Following the above geometric analysis, through the mirror Kirchhoff PSDM engine, we calculate the mirror migration responses of P-wave reflections in Figure 6. In detail, the receiver- or source-side 1st-order WLRMs are converted to the equivalent primary reflections, as illustrated in Figure 6a and Figure 6b, respectively. Note that the points of tangency (i.e., the effective image point $\mathbf{y}$) between the ellipse and the reflector are different; specifically, the former is horizontally close to the source location ${\mathbf{x}}_s$, while the latter is close to the receiver location ${\mathbf{x}}_r$. This difference is due to the dip of the major axis of the mirror migration ellipses. The mirror migration response of the source- and receiver-side 1st-order WLRM is shown in Figure 6c, in which the imaging point is horizontally closer to the middle location of ${\mathbf{x}}_s$ and ${\mathbf{x}}_r$. The mirror migration responses of the 1st- and 2nd-order water reverberations are shown in Figure 6d–f, where the effective imaging points $\mathbf{y}$ are located on the seafloor.

3.1.3. Imaging Elastic-Wave Reflections

In the previous experiments, the migration responses were obtained by projecting the acoustic pressure component to the subsurface under the acoustic assumption. We turn to calculate the migration responses of scalarized elastic waves extracted from the multicomponent ocean-bottom dataset.
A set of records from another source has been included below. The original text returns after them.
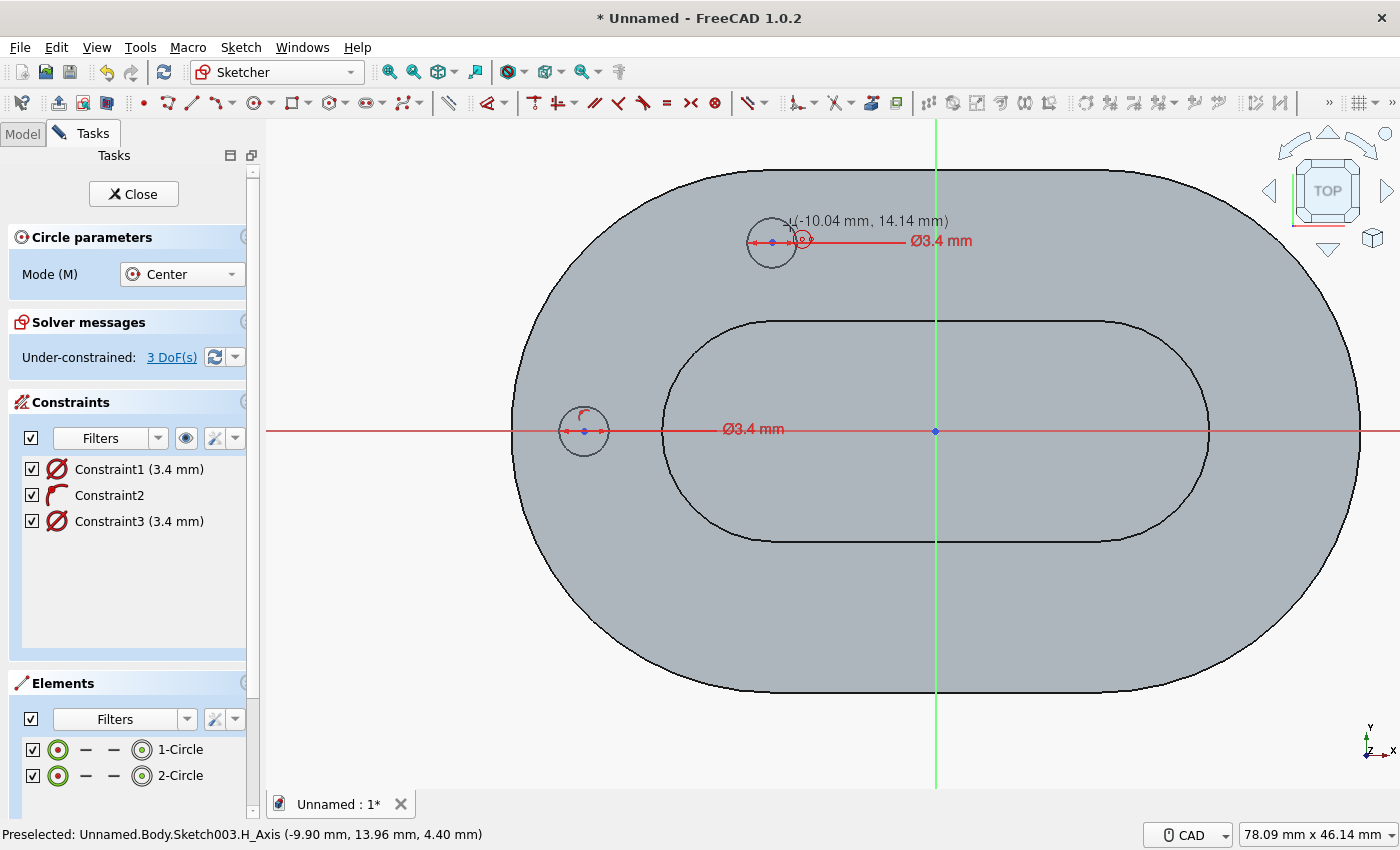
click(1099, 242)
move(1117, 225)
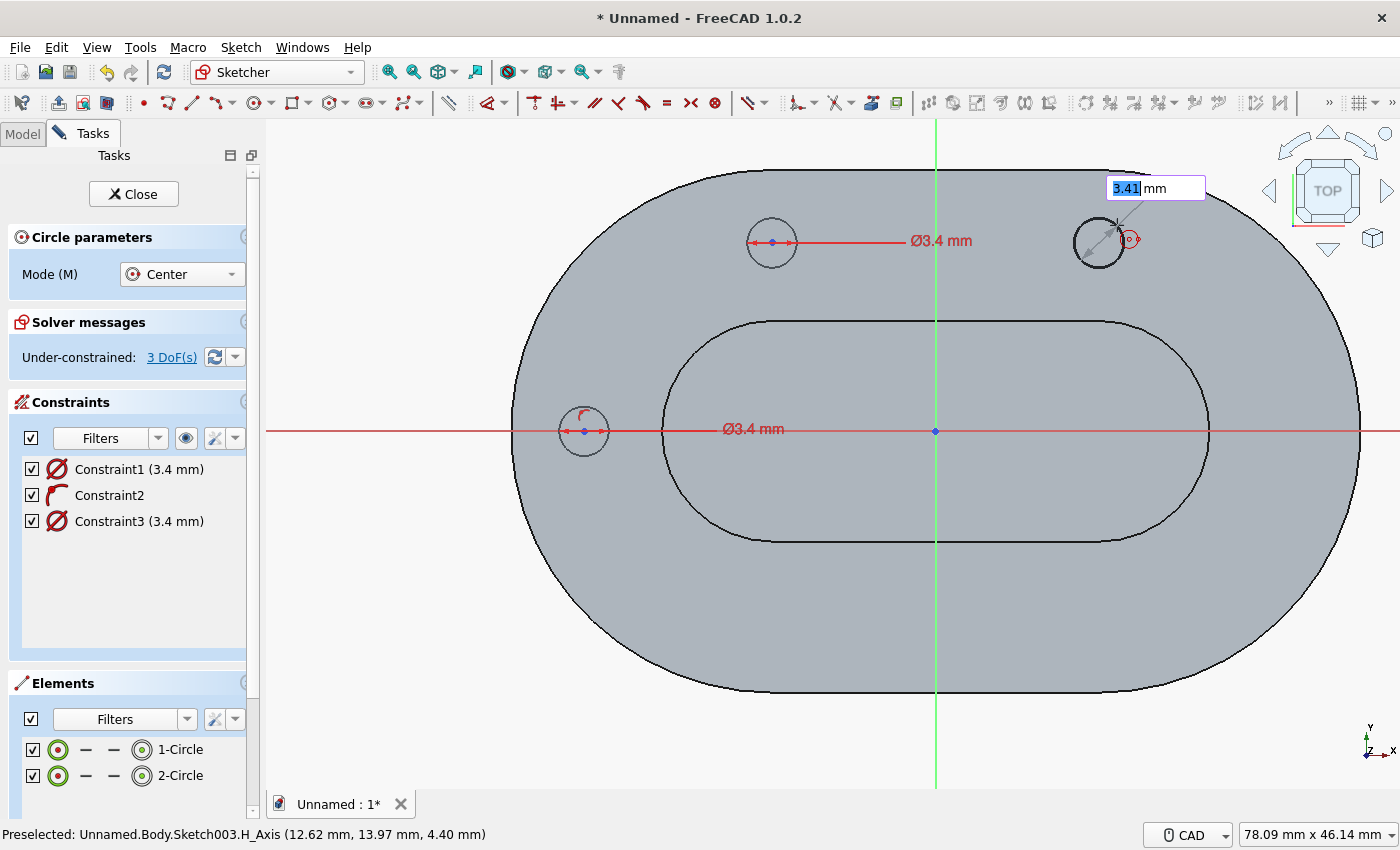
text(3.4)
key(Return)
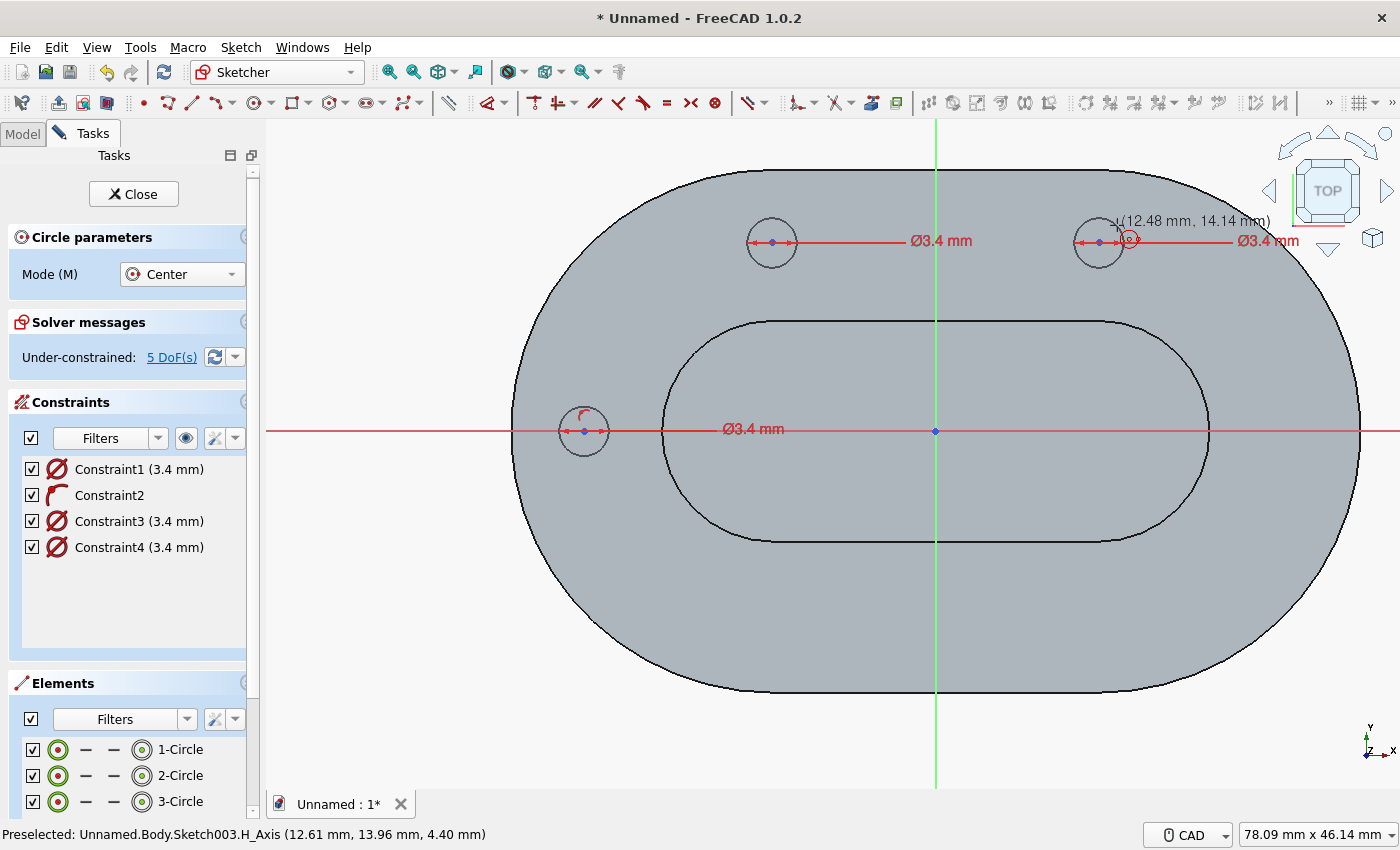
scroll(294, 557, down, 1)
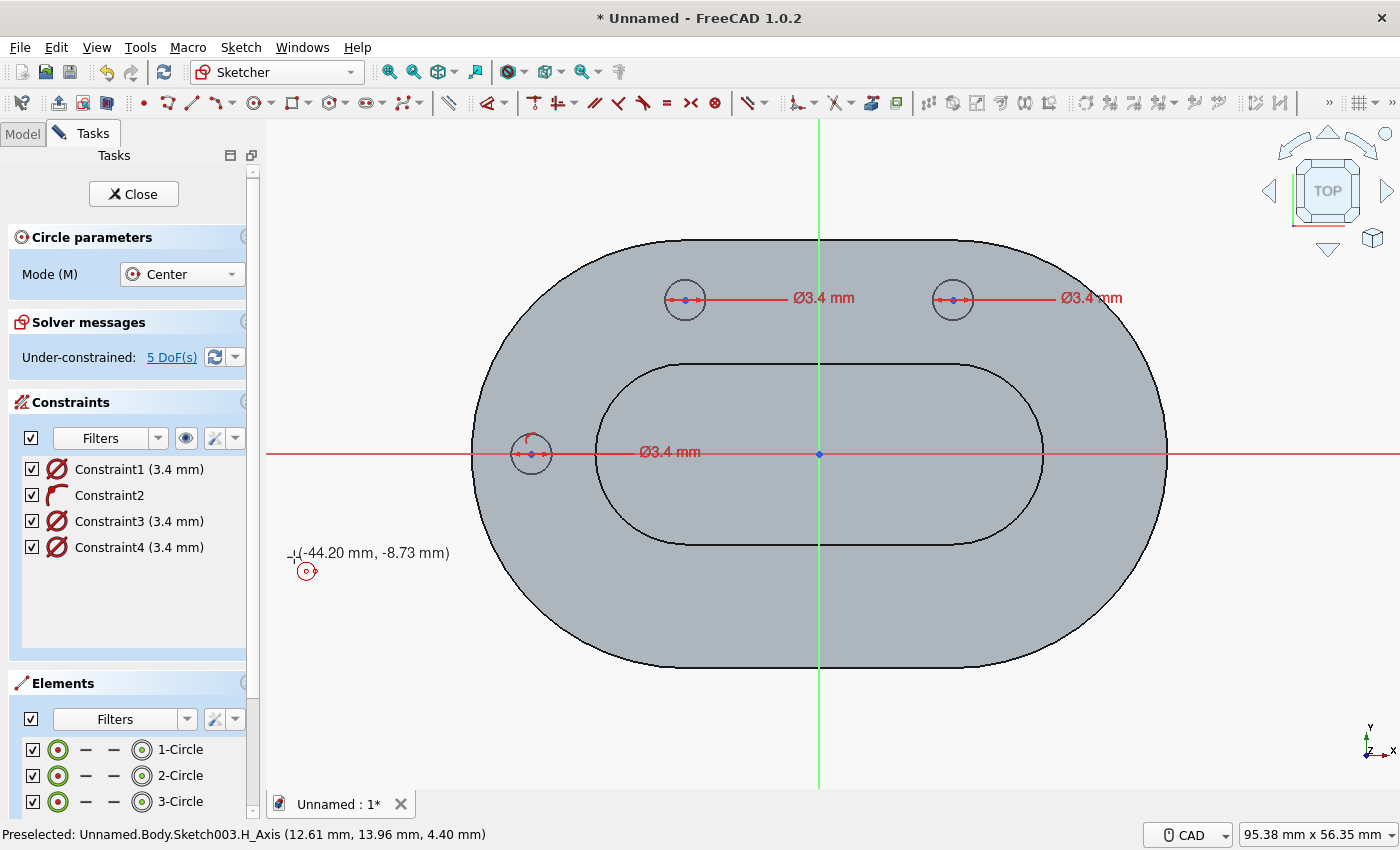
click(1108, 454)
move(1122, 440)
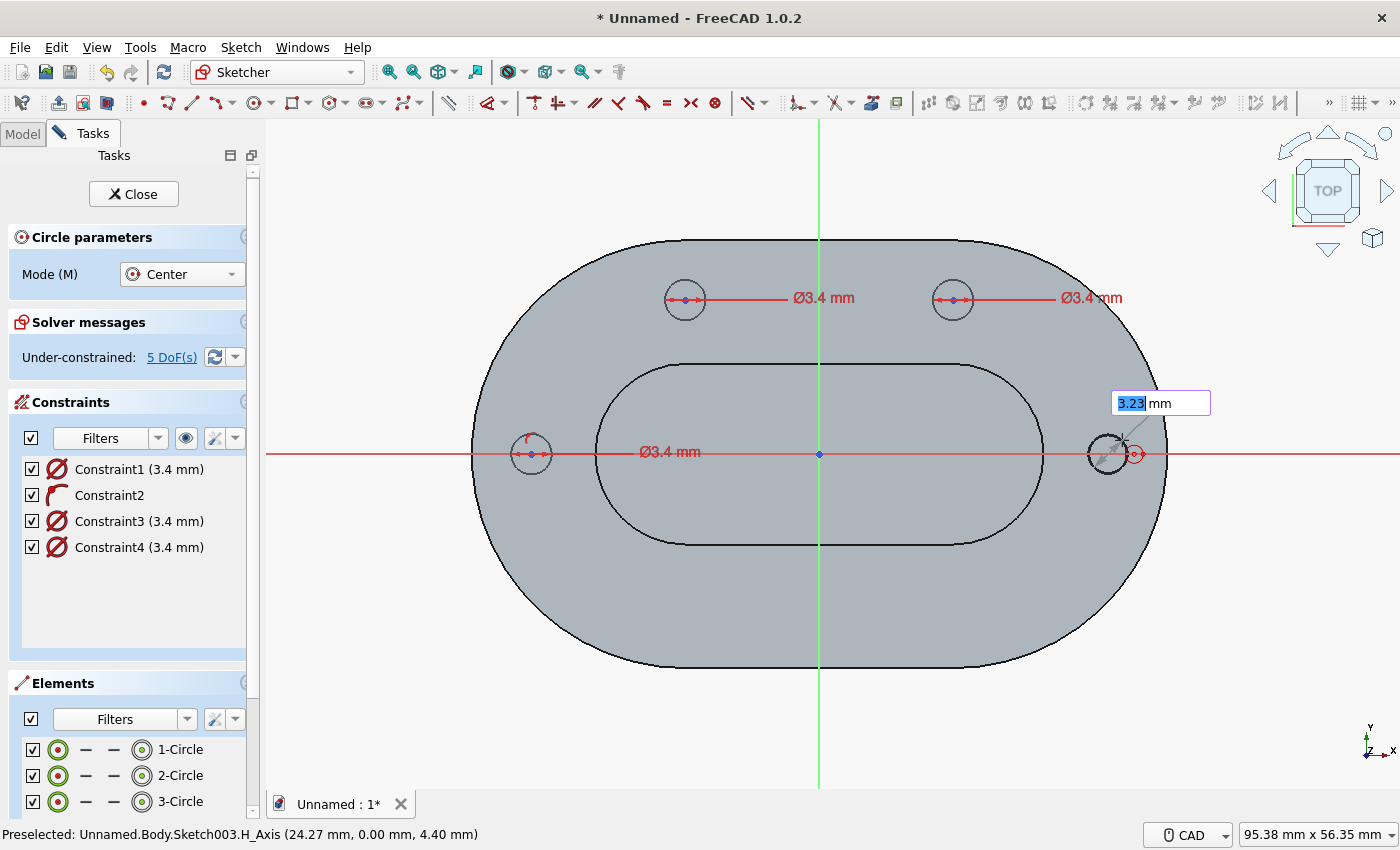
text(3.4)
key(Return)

(1) Elastic wave modes pPP, pPS, pSP, and pSS

First, we consider the up-going reflections, the basic ray path of which is illustrated in Figure 1a. The acoustic signal emitted from the source propagates downward and interacts with the seafloor, generating the down-going transmission waves, namely, the pP and pS waves. Then, they act as incident waves to the reflector, where reflections between different wave modes are generated, forming the pPP, pPS, pSP, and pSS events, as illustrated in the top row of Figure 7. Through our FD-based wave simulator, we generate the up-going P- and S-wave reflections, and separate the specific events according to their traveltimes. We calculate the migration responses using the Kirchhoff PSDM engine, in which the specific wave paths are determined through the associated P- and S-wave velocities.

Shown in the bottom row of Figure 7 are the elastic migration responses. The elastic pPP response in Figure 7a is similar to the image from the acoustic pressure component in Figure 4a. For the responses of convert-wave events, pPS in Figure 7b and pSP in Figure 7c, they have different conversion points on the reflector, corresponding to different locations of tangency between the migration ellipse and the reflector, as referred to the ray paths. The pSS response is illustrated in Figure 7d. Compared to the other three response patterns, the pSS pattern has the highest resolution, i.e., the shortest wavelength, following the relationship $\lambda \left(\mathrm{pPP}\right)>\lambda \left(\mathrm{pPS},\mathrm{pSP}\right)>\lambda \left(\mathrm{pSS}\right)$.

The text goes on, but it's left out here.